NAFC says main Scottish fish species on the increase Published: 08 April, 2013
The abundance of most of the main species of fish caught by Scottish fishermen has increased over the last five or six years. That is one of the findings in a new report released by the NAFC Marine Centres Department of Marine Science and Technology.
The report by the Centres Fisheries Policy Section (available online at www.nafc.ac.uk/Fisheries-Policy-Notes.aspx) has collated and summarised information published by the International Council for the Exploration of the Seas.
The report found that while stocks of some species had declined in the past, most had seen substantial increases over the last few years. At the same time, the fishing mortality rate for most stocks – that is the proportion of the fish that are caught each year – has fallen sharply. For example, the stock of North Sea cod more than doubled in size between 2006 and 2012 while its fishing mortality rate fell by 43 per cent between 2000 and 2011. In fact the fishing mortality rate for North Sea cod was lower in 2012 than in any year since 1966.
Stocks of some other species have increased to unprecedented levels: the plaice stock in the North Sea for example was larger in 2012 than at any time since at least 1960, having tripled in size since 2004. The stock of hake more than quadrupled in size between 2006 and 2011.
Report author Dr Ian Napier, commented: Two things are evident from this data. Firstly, while some stocks declined in size prior to the mid 2000s, most have increased in size – often substantially – since then. Secondly, fishing mortality rates have declined substantially over the last decade. An interesting point is that the combined size all the whitefish stocks around Scotland has remained at a fairly constant size over the last two decades, despite substantial fluctuations in individual species.
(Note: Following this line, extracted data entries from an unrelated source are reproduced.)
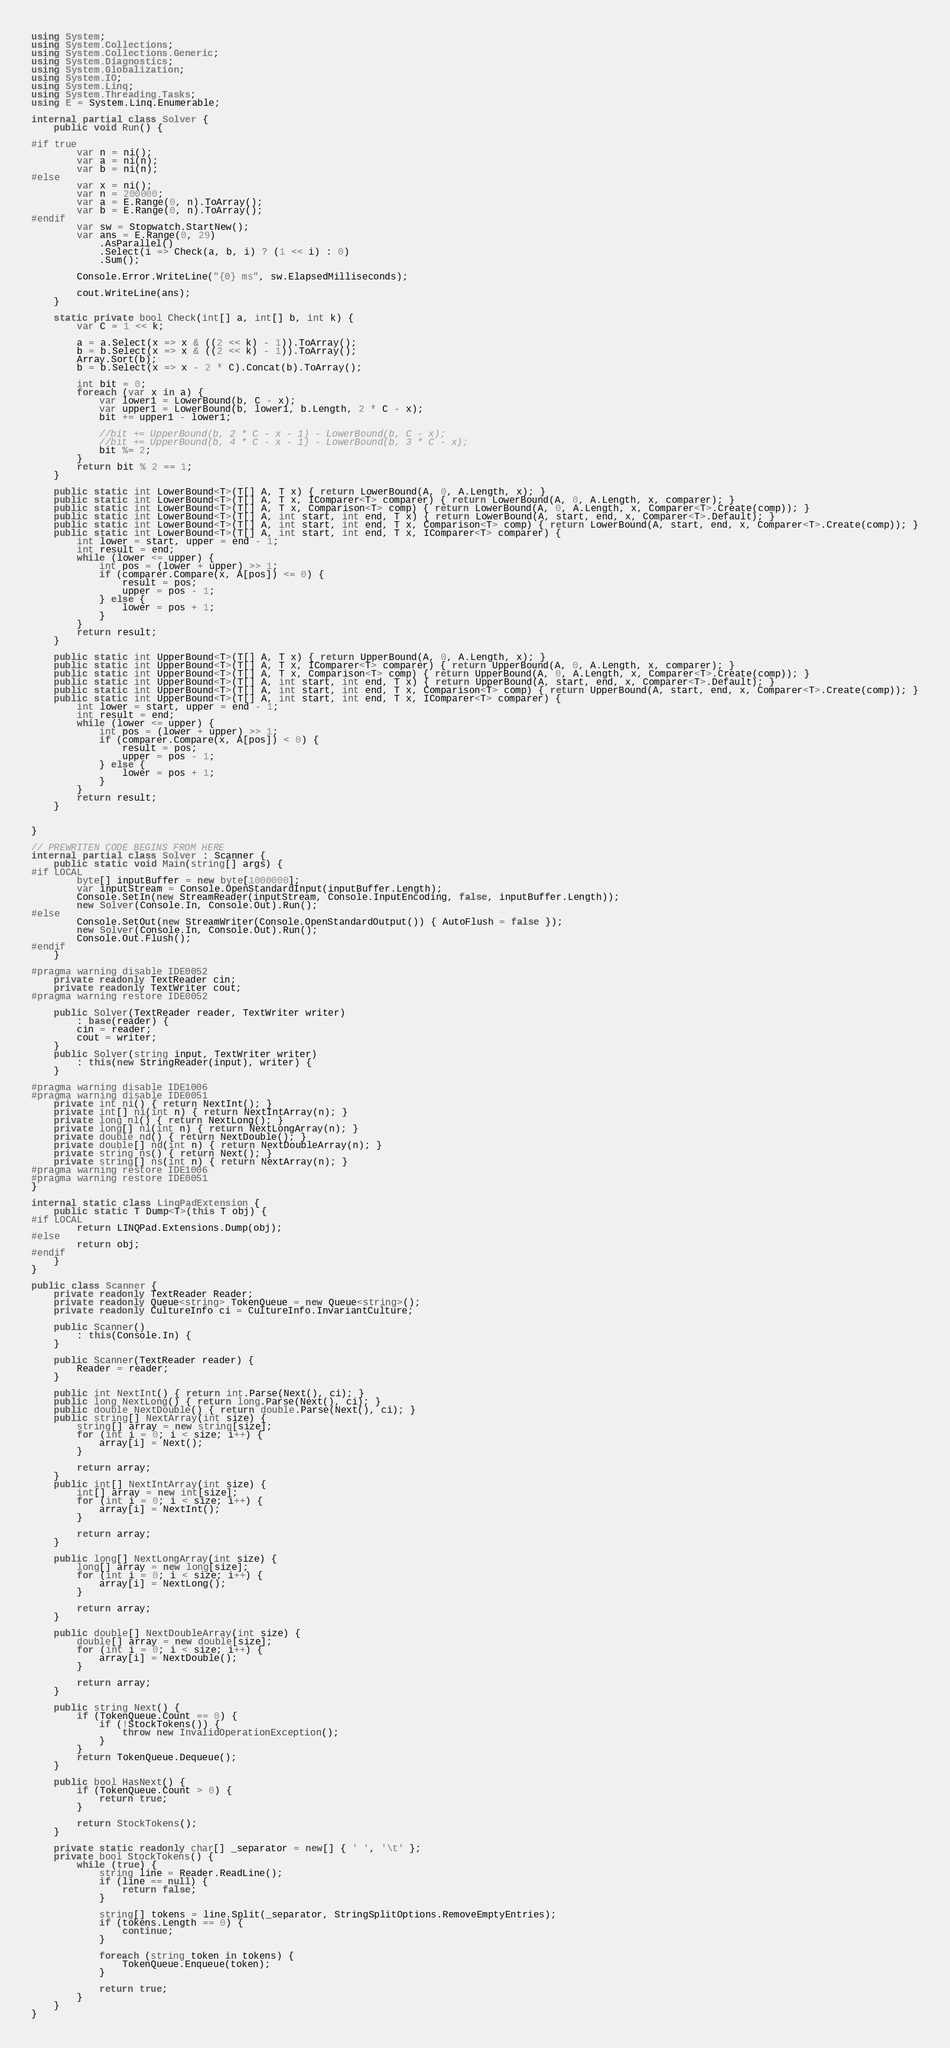<code> <loc_0><loc_0><loc_500><loc_500><_C#_>using System;
using System.Collections;
using System.Collections.Generic;
using System.Diagnostics;
using System.Globalization;
using System.IO;
using System.Linq;
using System.Threading.Tasks;
using E = System.Linq.Enumerable;

internal partial class Solver {
    public void Run() {

#if true
        var n = ni();
        var a = ni(n);
        var b = ni(n);
#else
        var x = ni();
        var n = 200000;
        var a = E.Range(0, n).ToArray();
        var b = E.Range(0, n).ToArray();
#endif
        var sw = Stopwatch.StartNew();
        var ans = E.Range(0, 29)
            .AsParallel()
            .Select(i => Check(a, b, i) ? (1 << i) : 0)
            .Sum();

        Console.Error.WriteLine("{0} ms", sw.ElapsedMilliseconds);

        cout.WriteLine(ans);
    }

    static private bool Check(int[] a, int[] b, int k) {
        var C = 1 << k;

        a = a.Select(x => x & ((2 << k) - 1)).ToArray();
        b = b.Select(x => x & ((2 << k) - 1)).ToArray();
        Array.Sort(b);
        b = b.Select(x => x - 2 * C).Concat(b).ToArray();

        int bit = 0;
        foreach (var x in a) {
            var lower1 = LowerBound(b, C - x);
            var upper1 = LowerBound(b, lower1, b.Length, 2 * C - x);
            bit += upper1 - lower1;

            //bit += UpperBound(b, 2 * C - x - 1) - LowerBound(b, C - x);
            //bit += UpperBound(b, 4 * C - x - 1) - LowerBound(b, 3 * C - x);
            bit %= 2;
        }
        return bit % 2 == 1;
    }

    public static int LowerBound<T>(T[] A, T x) { return LowerBound(A, 0, A.Length, x); }
    public static int LowerBound<T>(T[] A, T x, IComparer<T> comparer) { return LowerBound(A, 0, A.Length, x, comparer); }
    public static int LowerBound<T>(T[] A, T x, Comparison<T> comp) { return LowerBound(A, 0, A.Length, x, Comparer<T>.Create(comp)); }
    public static int LowerBound<T>(T[] A, int start, int end, T x) { return LowerBound(A, start, end, x, Comparer<T>.Default); }
    public static int LowerBound<T>(T[] A, int start, int end, T x, Comparison<T> comp) { return LowerBound(A, start, end, x, Comparer<T>.Create(comp)); }
    public static int LowerBound<T>(T[] A, int start, int end, T x, IComparer<T> comparer) {
        int lower = start, upper = end - 1;
        int result = end;
        while (lower <= upper) {
            int pos = (lower + upper) >> 1;
            if (comparer.Compare(x, A[pos]) <= 0) {
                result = pos;
                upper = pos - 1;
            } else {
                lower = pos + 1;
            }
        }
        return result;
    }

    public static int UpperBound<T>(T[] A, T x) { return UpperBound(A, 0, A.Length, x); }
    public static int UpperBound<T>(T[] A, T x, IComparer<T> comparer) { return UpperBound(A, 0, A.Length, x, comparer); }
    public static int UpperBound<T>(T[] A, T x, Comparison<T> comp) { return UpperBound(A, 0, A.Length, x, Comparer<T>.Create(comp)); }
    public static int UpperBound<T>(T[] A, int start, int end, T x) { return UpperBound(A, start, end, x, Comparer<T>.Default); }
    public static int UpperBound<T>(T[] A, int start, int end, T x, Comparison<T> comp) { return UpperBound(A, start, end, x, Comparer<T>.Create(comp)); }
    public static int UpperBound<T>(T[] A, int start, int end, T x, IComparer<T> comparer) {
        int lower = start, upper = end - 1;
        int result = end;
        while (lower <= upper) {
            int pos = (lower + upper) >> 1;
            if (comparer.Compare(x, A[pos]) < 0) {
                result = pos;
                upper = pos - 1;
            } else {
                lower = pos + 1;
            }
        }
        return result;
    }


}

// PREWRITEN CODE BEGINS FROM HERE
internal partial class Solver : Scanner {
    public static void Main(string[] args) {
#if LOCAL
        byte[] inputBuffer = new byte[1000000];
        var inputStream = Console.OpenStandardInput(inputBuffer.Length);
        Console.SetIn(new StreamReader(inputStream, Console.InputEncoding, false, inputBuffer.Length));
        new Solver(Console.In, Console.Out).Run();
#else
        Console.SetOut(new StreamWriter(Console.OpenStandardOutput()) { AutoFlush = false });
        new Solver(Console.In, Console.Out).Run();
        Console.Out.Flush();
#endif
    }

#pragma warning disable IDE0052
    private readonly TextReader cin;
    private readonly TextWriter cout;
#pragma warning restore IDE0052

    public Solver(TextReader reader, TextWriter writer)
        : base(reader) {
        cin = reader;
        cout = writer;
    }
    public Solver(string input, TextWriter writer)
        : this(new StringReader(input), writer) {
    }

#pragma warning disable IDE1006
#pragma warning disable IDE0051
    private int ni() { return NextInt(); }
    private int[] ni(int n) { return NextIntArray(n); }
    private long nl() { return NextLong(); }
    private long[] nl(int n) { return NextLongArray(n); }
    private double nd() { return NextDouble(); }
    private double[] nd(int n) { return NextDoubleArray(n); }
    private string ns() { return Next(); }
    private string[] ns(int n) { return NextArray(n); }
#pragma warning restore IDE1006
#pragma warning restore IDE0051
}

internal static class LinqPadExtension {
    public static T Dump<T>(this T obj) {
#if LOCAL
        return LINQPad.Extensions.Dump(obj);
#else
        return obj;
#endif
    }
}

public class Scanner {
    private readonly TextReader Reader;
    private readonly Queue<string> TokenQueue = new Queue<string>();
    private readonly CultureInfo ci = CultureInfo.InvariantCulture;

    public Scanner()
        : this(Console.In) {
    }

    public Scanner(TextReader reader) {
        Reader = reader;
    }

    public int NextInt() { return int.Parse(Next(), ci); }
    public long NextLong() { return long.Parse(Next(), ci); }
    public double NextDouble() { return double.Parse(Next(), ci); }
    public string[] NextArray(int size) {
        string[] array = new string[size];
        for (int i = 0; i < size; i++) {
            array[i] = Next();
        }

        return array;
    }
    public int[] NextIntArray(int size) {
        int[] array = new int[size];
        for (int i = 0; i < size; i++) {
            array[i] = NextInt();
        }

        return array;
    }

    public long[] NextLongArray(int size) {
        long[] array = new long[size];
        for (int i = 0; i < size; i++) {
            array[i] = NextLong();
        }

        return array;
    }

    public double[] NextDoubleArray(int size) {
        double[] array = new double[size];
        for (int i = 0; i < size; i++) {
            array[i] = NextDouble();
        }

        return array;
    }

    public string Next() {
        if (TokenQueue.Count == 0) {
            if (!StockTokens()) {
                throw new InvalidOperationException();
            }
        }
        return TokenQueue.Dequeue();
    }

    public bool HasNext() {
        if (TokenQueue.Count > 0) {
            return true;
        }

        return StockTokens();
    }

    private static readonly char[] _separator = new[] { ' ', '\t' };
    private bool StockTokens() {
        while (true) {
            string line = Reader.ReadLine();
            if (line == null) {
                return false;
            }

            string[] tokens = line.Split(_separator, StringSplitOptions.RemoveEmptyEntries);
            if (tokens.Length == 0) {
                continue;
            }

            foreach (string token in tokens) {
                TokenQueue.Enqueue(token);
            }

            return true;
        }
    }
}
</code>

Chairman of the Shetland Fishermens Association, Leslie Tait, welcomed the publication of the report: These figures clearly show that far from being in a state of crisis, Scottish fish stocks are in a far healthier state than is often portrayed. This has been achieved through the innovations and substantial sacrifices made by Shetland and Scottish fishermen. We hope that everyone will recognise what has been achieved over the last decade. These figures show that consumers can have confidence in eating Scottish fish as a healthy and sustainable part of their diet.